» **EXERCISE OBJECTIVE**: Pictures within the data are to be left out; everything else must be reproduced exactly.
::: SOURCE DATA
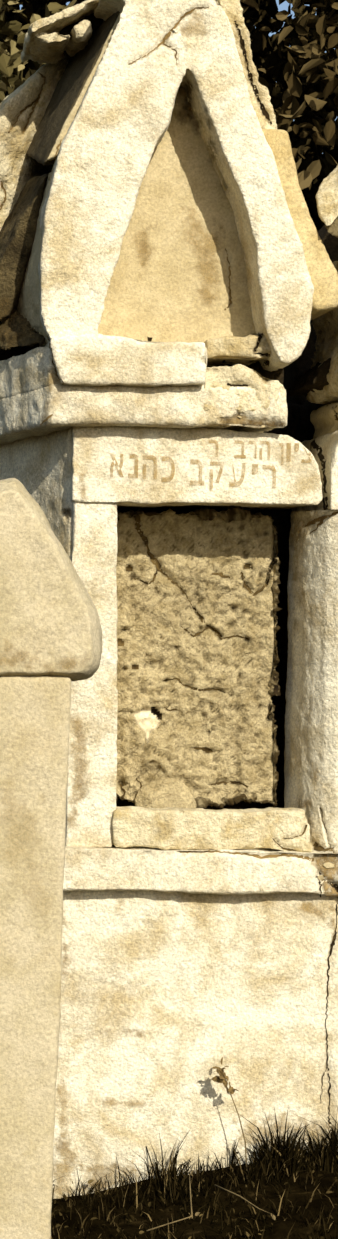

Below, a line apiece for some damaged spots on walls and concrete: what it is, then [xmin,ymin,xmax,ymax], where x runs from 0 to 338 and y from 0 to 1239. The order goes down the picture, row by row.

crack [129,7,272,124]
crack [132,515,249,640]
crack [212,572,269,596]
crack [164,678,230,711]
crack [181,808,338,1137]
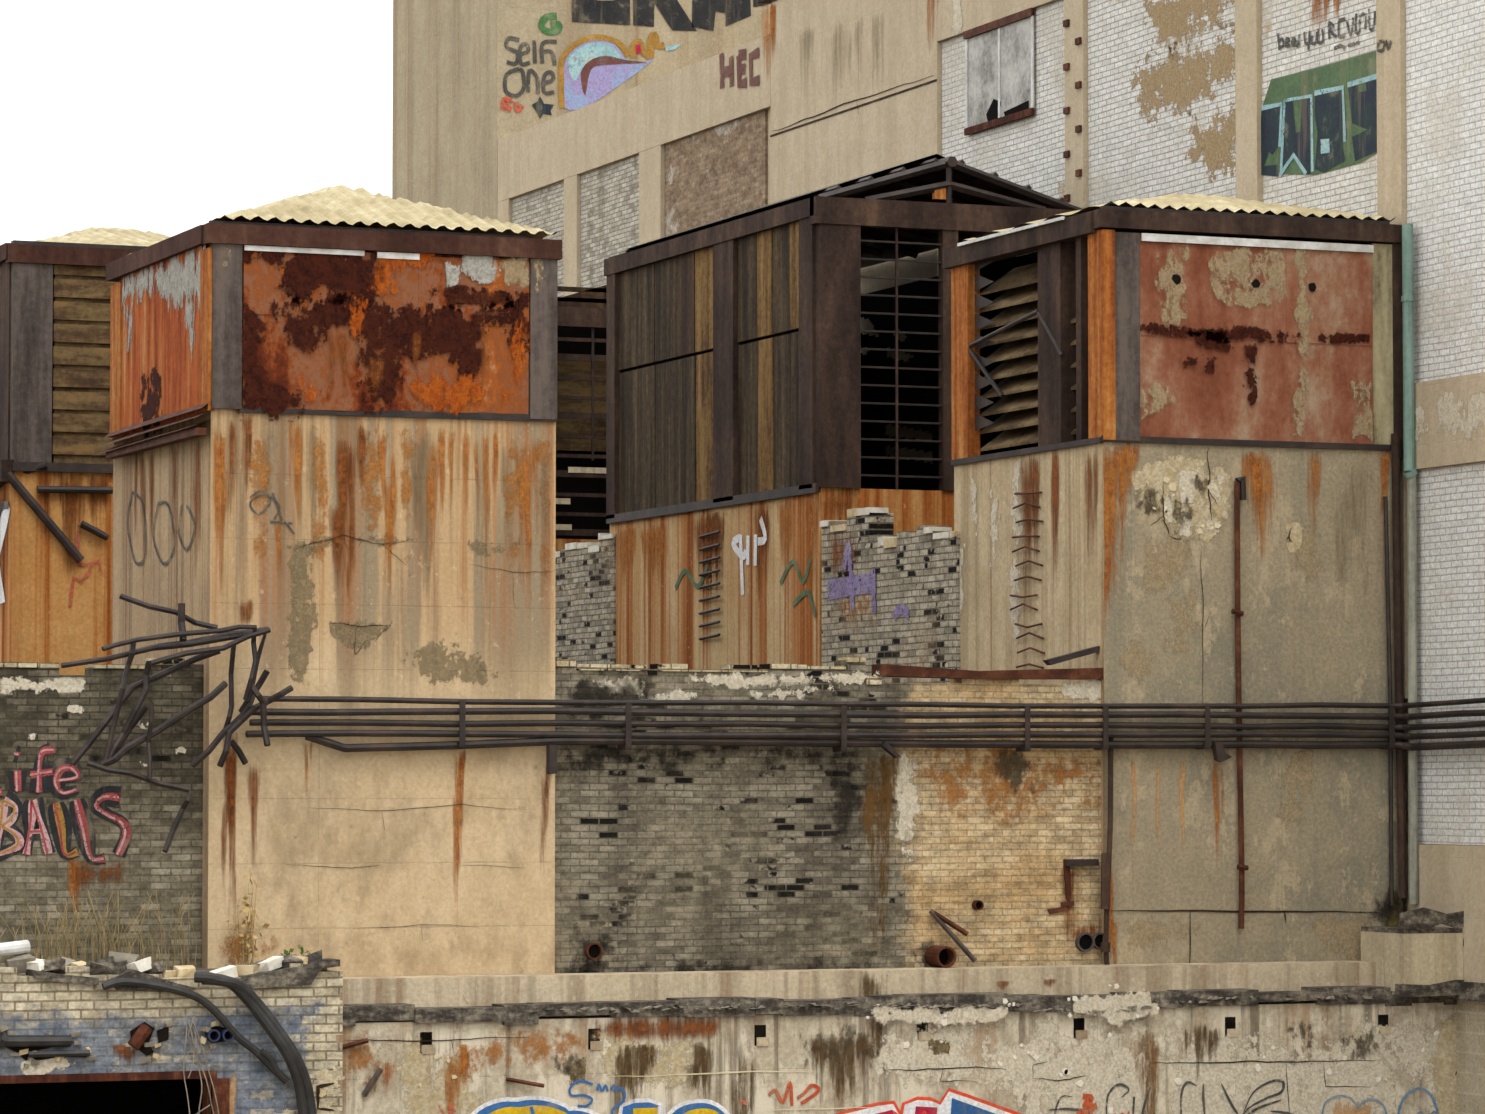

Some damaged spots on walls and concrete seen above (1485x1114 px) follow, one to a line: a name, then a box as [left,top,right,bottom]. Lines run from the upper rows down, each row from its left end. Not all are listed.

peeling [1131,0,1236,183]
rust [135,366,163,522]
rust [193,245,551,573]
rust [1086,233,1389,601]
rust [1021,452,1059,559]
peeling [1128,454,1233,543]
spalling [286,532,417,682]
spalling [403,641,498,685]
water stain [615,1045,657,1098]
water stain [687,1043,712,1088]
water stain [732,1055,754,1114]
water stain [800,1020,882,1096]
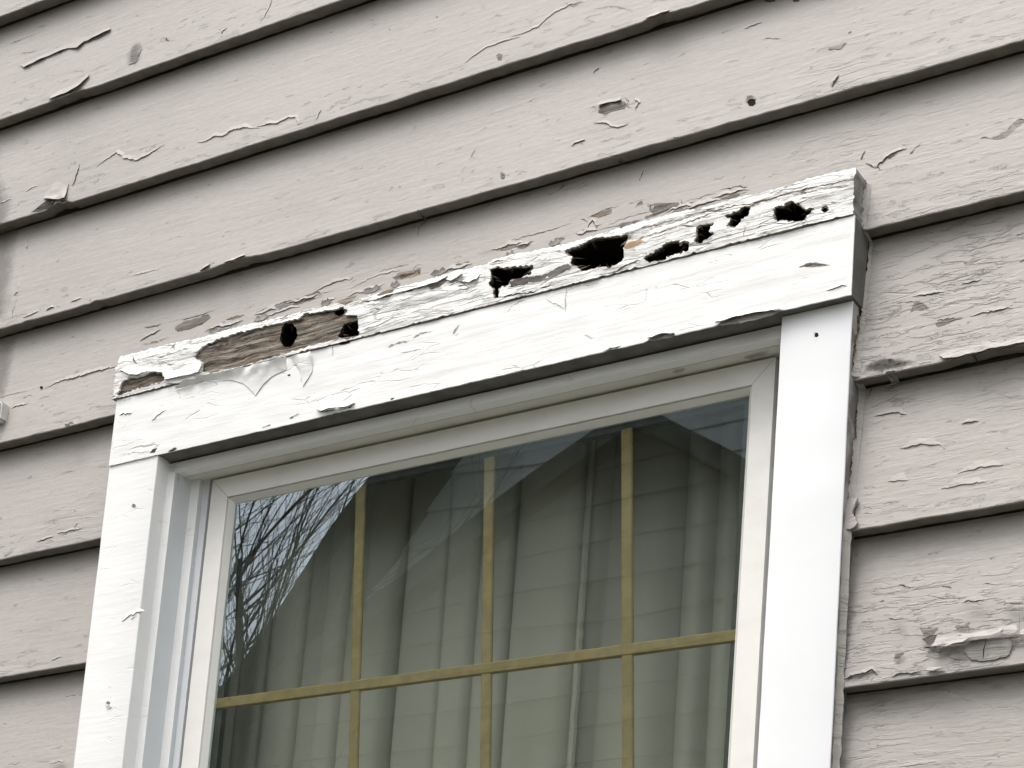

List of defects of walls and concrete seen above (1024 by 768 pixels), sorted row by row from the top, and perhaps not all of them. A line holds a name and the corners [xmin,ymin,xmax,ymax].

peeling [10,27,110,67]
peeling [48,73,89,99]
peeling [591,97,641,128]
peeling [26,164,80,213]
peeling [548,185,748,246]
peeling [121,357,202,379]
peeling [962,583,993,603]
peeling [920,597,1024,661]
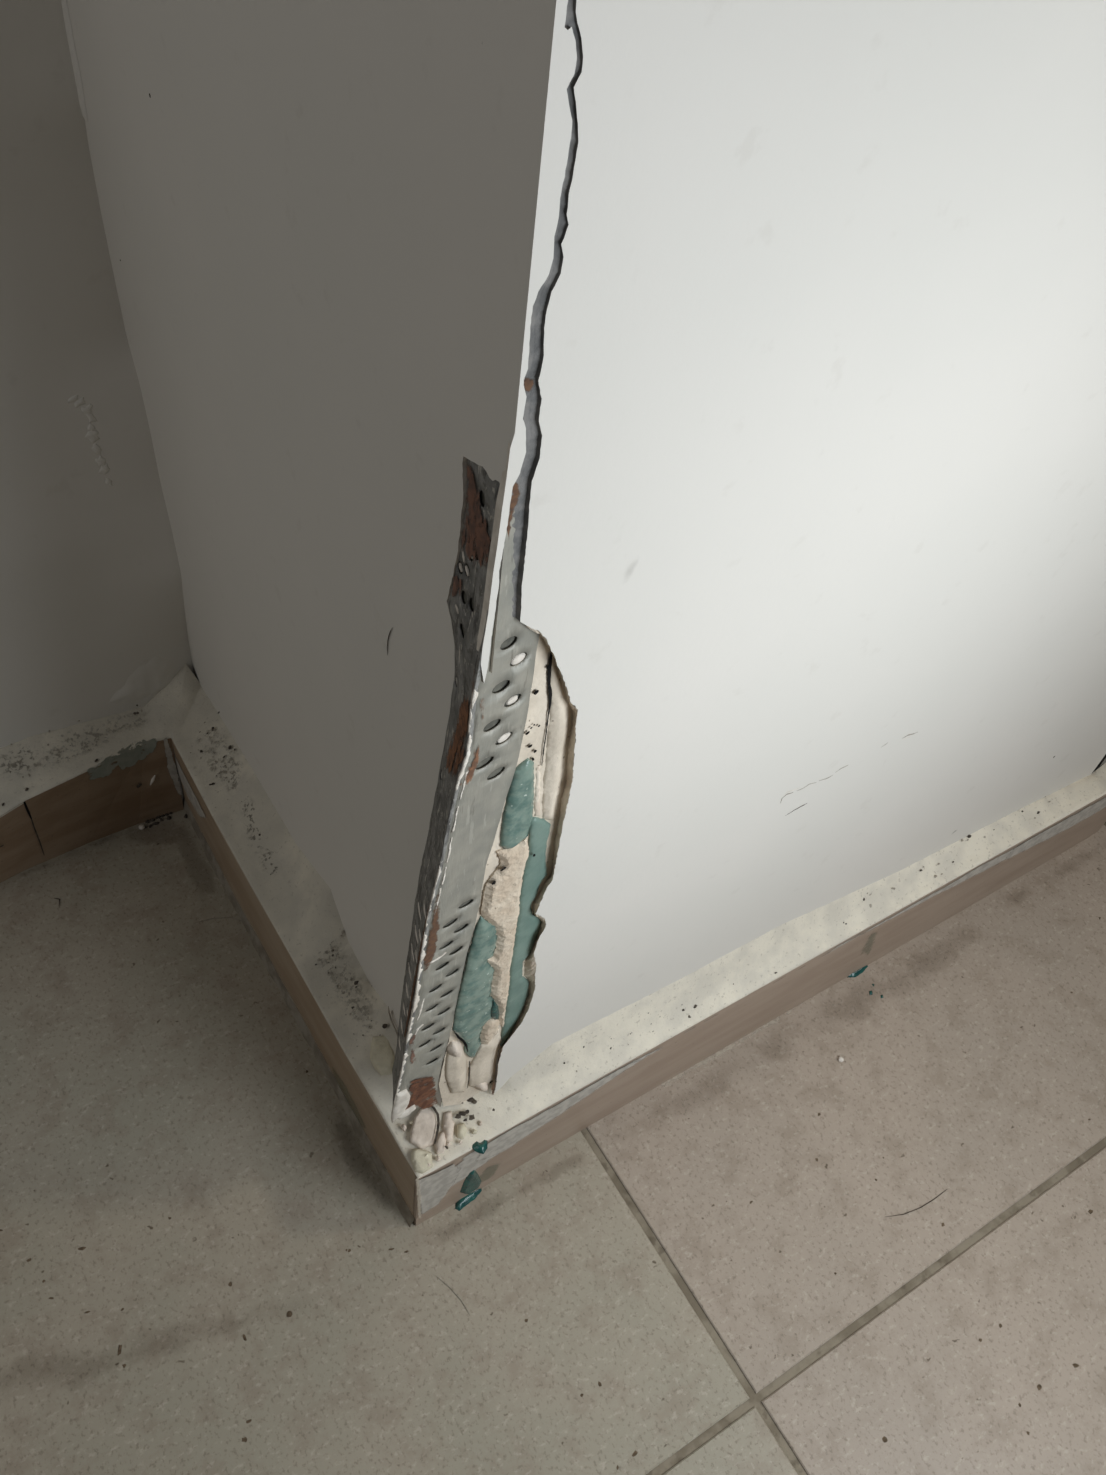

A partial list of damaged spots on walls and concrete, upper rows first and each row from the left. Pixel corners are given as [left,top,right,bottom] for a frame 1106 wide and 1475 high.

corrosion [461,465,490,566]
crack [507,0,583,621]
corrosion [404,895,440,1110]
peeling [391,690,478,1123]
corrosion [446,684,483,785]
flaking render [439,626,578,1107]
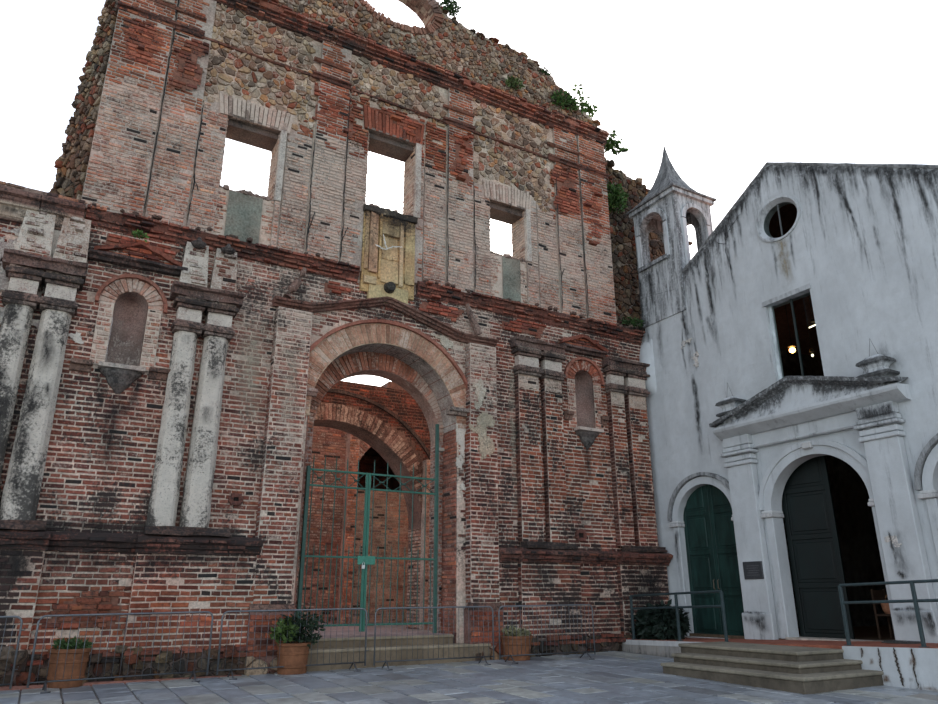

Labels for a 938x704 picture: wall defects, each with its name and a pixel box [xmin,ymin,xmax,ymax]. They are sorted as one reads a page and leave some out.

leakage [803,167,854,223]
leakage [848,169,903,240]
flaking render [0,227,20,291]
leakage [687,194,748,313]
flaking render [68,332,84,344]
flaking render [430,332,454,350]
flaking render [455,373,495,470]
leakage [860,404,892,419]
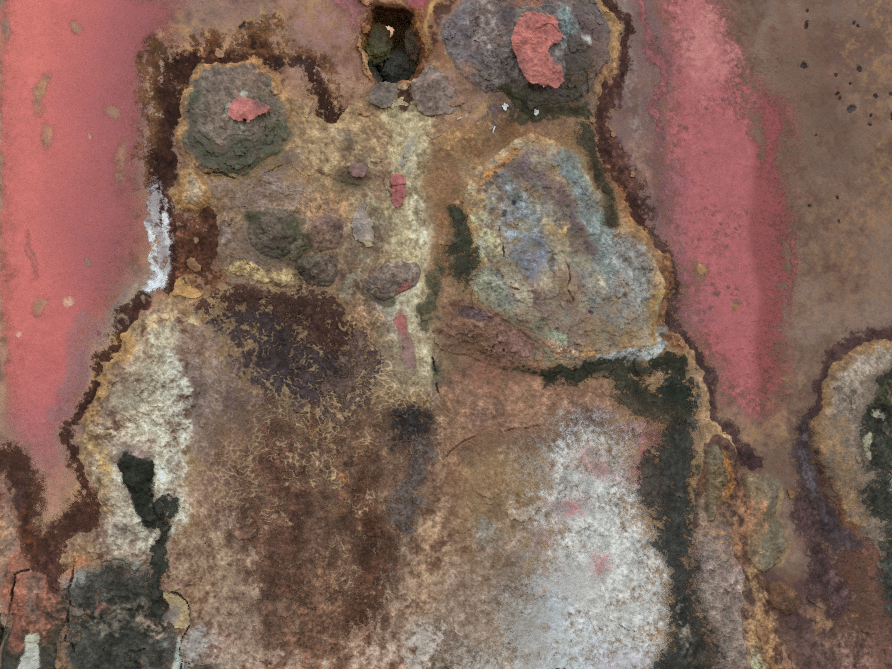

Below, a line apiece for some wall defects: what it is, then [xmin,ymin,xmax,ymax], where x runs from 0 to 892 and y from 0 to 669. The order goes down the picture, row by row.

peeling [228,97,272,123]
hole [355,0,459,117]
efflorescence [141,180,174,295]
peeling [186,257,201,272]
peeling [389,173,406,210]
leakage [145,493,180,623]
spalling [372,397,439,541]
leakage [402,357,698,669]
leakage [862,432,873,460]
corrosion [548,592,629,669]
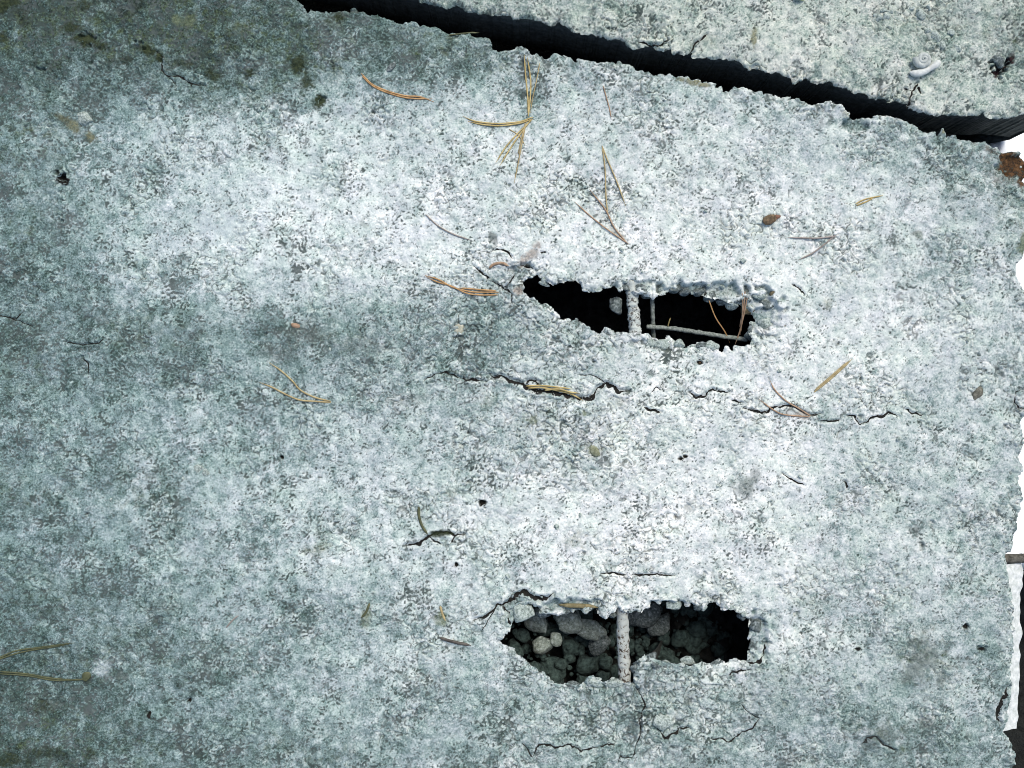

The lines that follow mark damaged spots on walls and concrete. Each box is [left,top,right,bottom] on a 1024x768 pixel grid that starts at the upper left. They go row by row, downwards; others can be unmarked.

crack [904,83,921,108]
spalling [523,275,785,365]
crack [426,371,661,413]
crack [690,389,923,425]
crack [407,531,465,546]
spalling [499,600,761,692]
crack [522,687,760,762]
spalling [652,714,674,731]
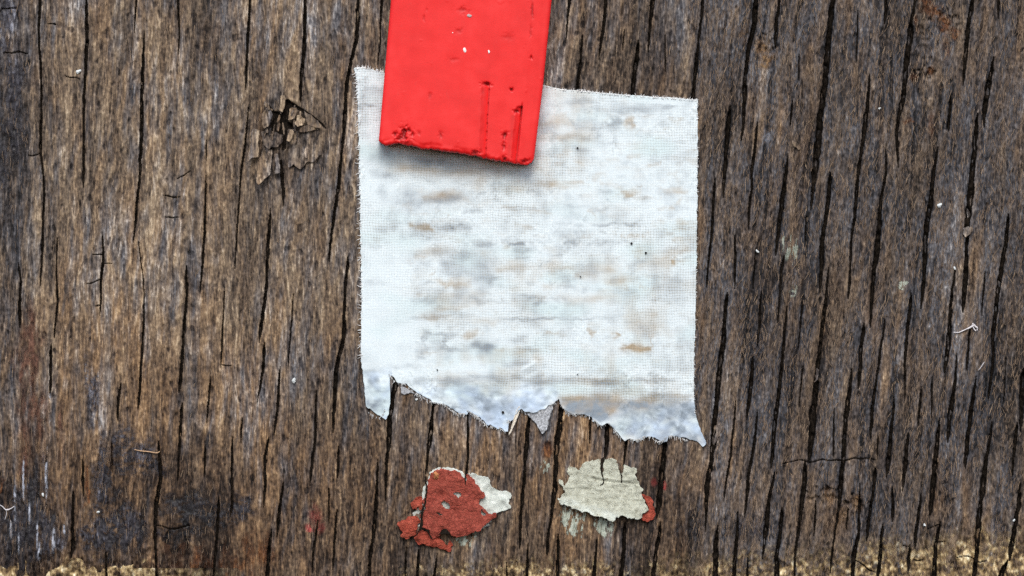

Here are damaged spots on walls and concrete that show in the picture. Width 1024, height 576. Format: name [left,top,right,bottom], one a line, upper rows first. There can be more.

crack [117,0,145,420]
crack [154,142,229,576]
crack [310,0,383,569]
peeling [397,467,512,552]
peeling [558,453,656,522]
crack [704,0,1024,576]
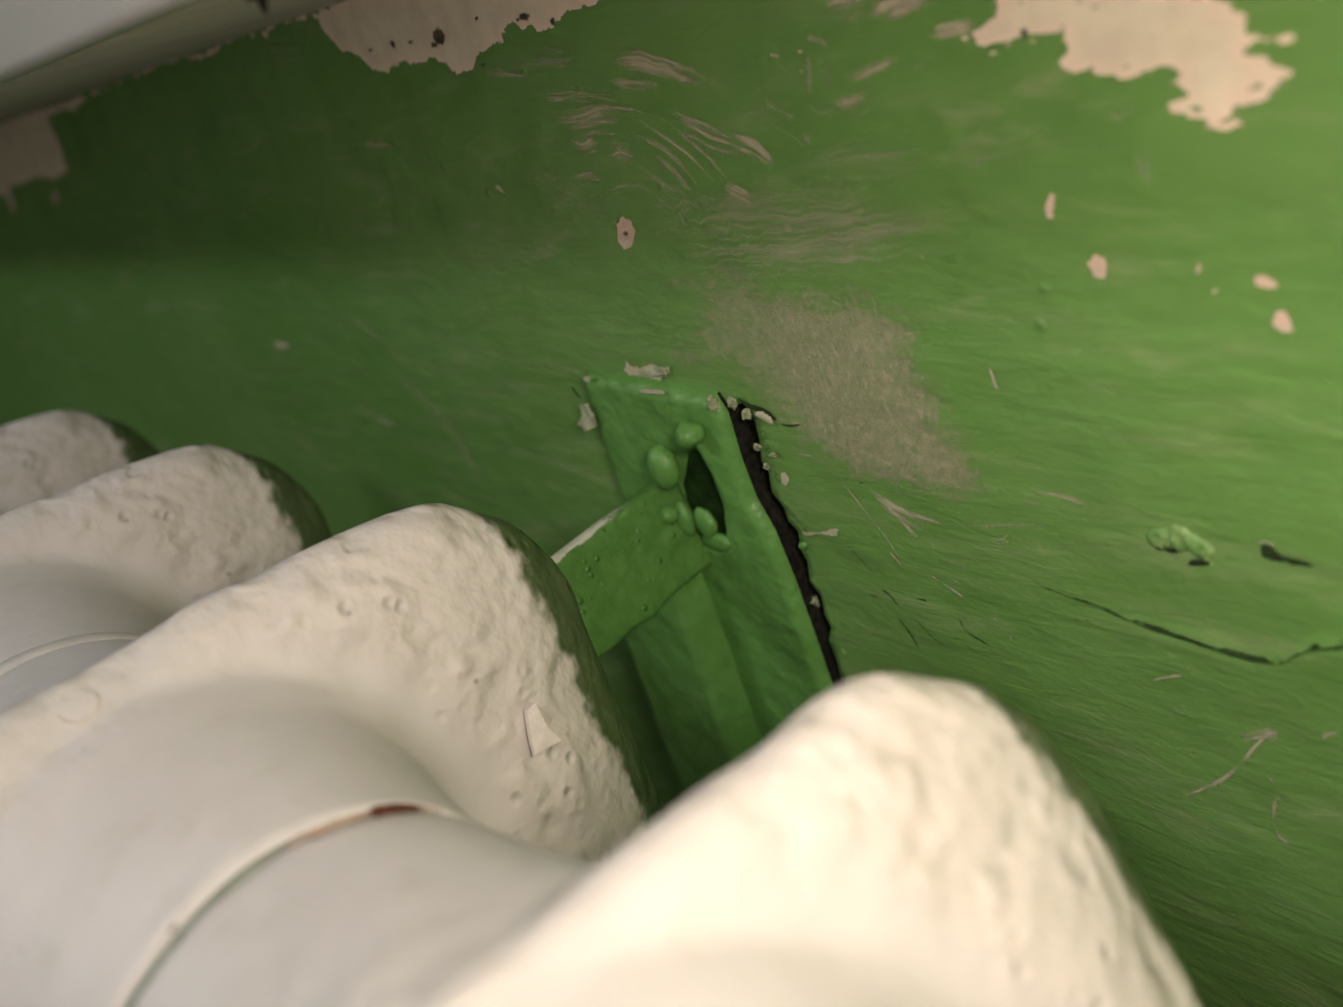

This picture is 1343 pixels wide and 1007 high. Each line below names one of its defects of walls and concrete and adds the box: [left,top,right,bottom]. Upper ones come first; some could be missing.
::::::
» **ANSWER TO THE PROBLEM**:
Below, a line apiece for some damaged spots on walls and concrete: what it is, then [xmin,ymin,xmax,ymax], where x runs from 0 to 338 and y from 0 to 1239. The order goes down the picture, row by row.

crack [129,7,272,124]
crack [132,515,249,640]
crack [212,572,269,596]
crack [164,678,230,711]
crack [181,808,338,1137]

Some damaged spots on walls and concrete seen above (1485x1114 px) follow, one to a line: a name, then a box as [left,top,right,bottom]. Lines run from the upper rows down, each row from its left end. Not all are listed.

peeling [1131,0,1236,183]
rust [135,366,163,522]
rust [193,245,551,573]
rust [1086,233,1389,601]
rust [1021,452,1059,559]
peeling [1128,454,1233,543]
spalling [286,532,417,682]
spalling [403,641,498,685]
water stain [615,1045,657,1098]
water stain [687,1043,712,1088]
water stain [732,1055,754,1114]
water stain [800,1020,882,1096]

List of defects of walls and concrete seen above (1024 by 768 pixels), sorted row by row from the top, and perhaps not all of them. A line holds a name and the corners [xmin,ymin,xmax,ymax].

peeling [10,27,110,67]
peeling [48,73,89,99]
peeling [591,97,641,128]
peeling [26,164,80,213]
peeling [548,185,748,246]
peeling [121,357,202,379]
peeling [962,583,993,603]
peeling [920,597,1024,661]

A partial list of damaged spots on walls and concrete, upper rows first and each row from the left. Pixel corners are given as [left,top,right,bottom] for a frame 1106 wide and 1475 high.

corrosion [461,465,490,566]
crack [507,0,583,621]
corrosion [404,895,440,1110]
peeling [391,690,478,1123]
corrosion [446,684,483,785]
flaking render [439,626,578,1107]

Labels for a 938x704 picture: wall defects, each with its name and a pixel box [xmin,ymin,xmax,ymax]. They are sorted as one reads a page and leave some out.

leakage [803,167,854,223]
leakage [848,169,903,240]
flaking render [0,227,20,291]
leakage [687,194,748,313]
flaking render [68,332,84,344]
flaking render [430,332,454,350]
flaking render [455,373,495,470]
leakage [860,404,892,419]

Below, a line apiece for some wall defects: what it is, then [xmin,ymin,xmax,ymax], where x runs from 0 to 892 and y from 0 to 669. The order goes down the picture, row by row.

peeling [228,97,272,123]
hole [355,0,459,117]
efflorescence [141,180,174,295]
peeling [186,257,201,272]
peeling [389,173,406,210]
leakage [145,493,180,623]
spalling [372,397,439,541]
leakage [402,357,698,669]
leakage [862,432,873,460]
corrosion [548,592,629,669]

The lines that follow mark damaged spots on walls and concrete. Each box is [left,top,right,bottom] on a 1024x768 pixel grid that starts at the upper left. They go row by row, downwards; others can be unmarked.

crack [904,83,921,108]
spalling [523,275,785,365]
crack [426,371,661,413]
crack [690,389,923,425]
crack [407,531,465,546]
spalling [499,600,761,692]
crack [522,687,760,762]
spalling [652,714,674,731]

Here are damaged spots on walls and concrete that show in the picture. Width 1024, height 576. Format: name [left,top,right,bottom], one a line, upper rows first. There can be more.

crack [117,0,145,420]
crack [154,142,229,576]
crack [310,0,383,569]
peeling [397,467,512,552]
peeling [558,453,656,522]
crack [704,0,1024,576]

This picture is 1343 pixels wide and 1007 high. Each line below names one of its defects of walls and concrete and adds the box: [left,top,right,bottom]. Upper ones come first; some could be missing.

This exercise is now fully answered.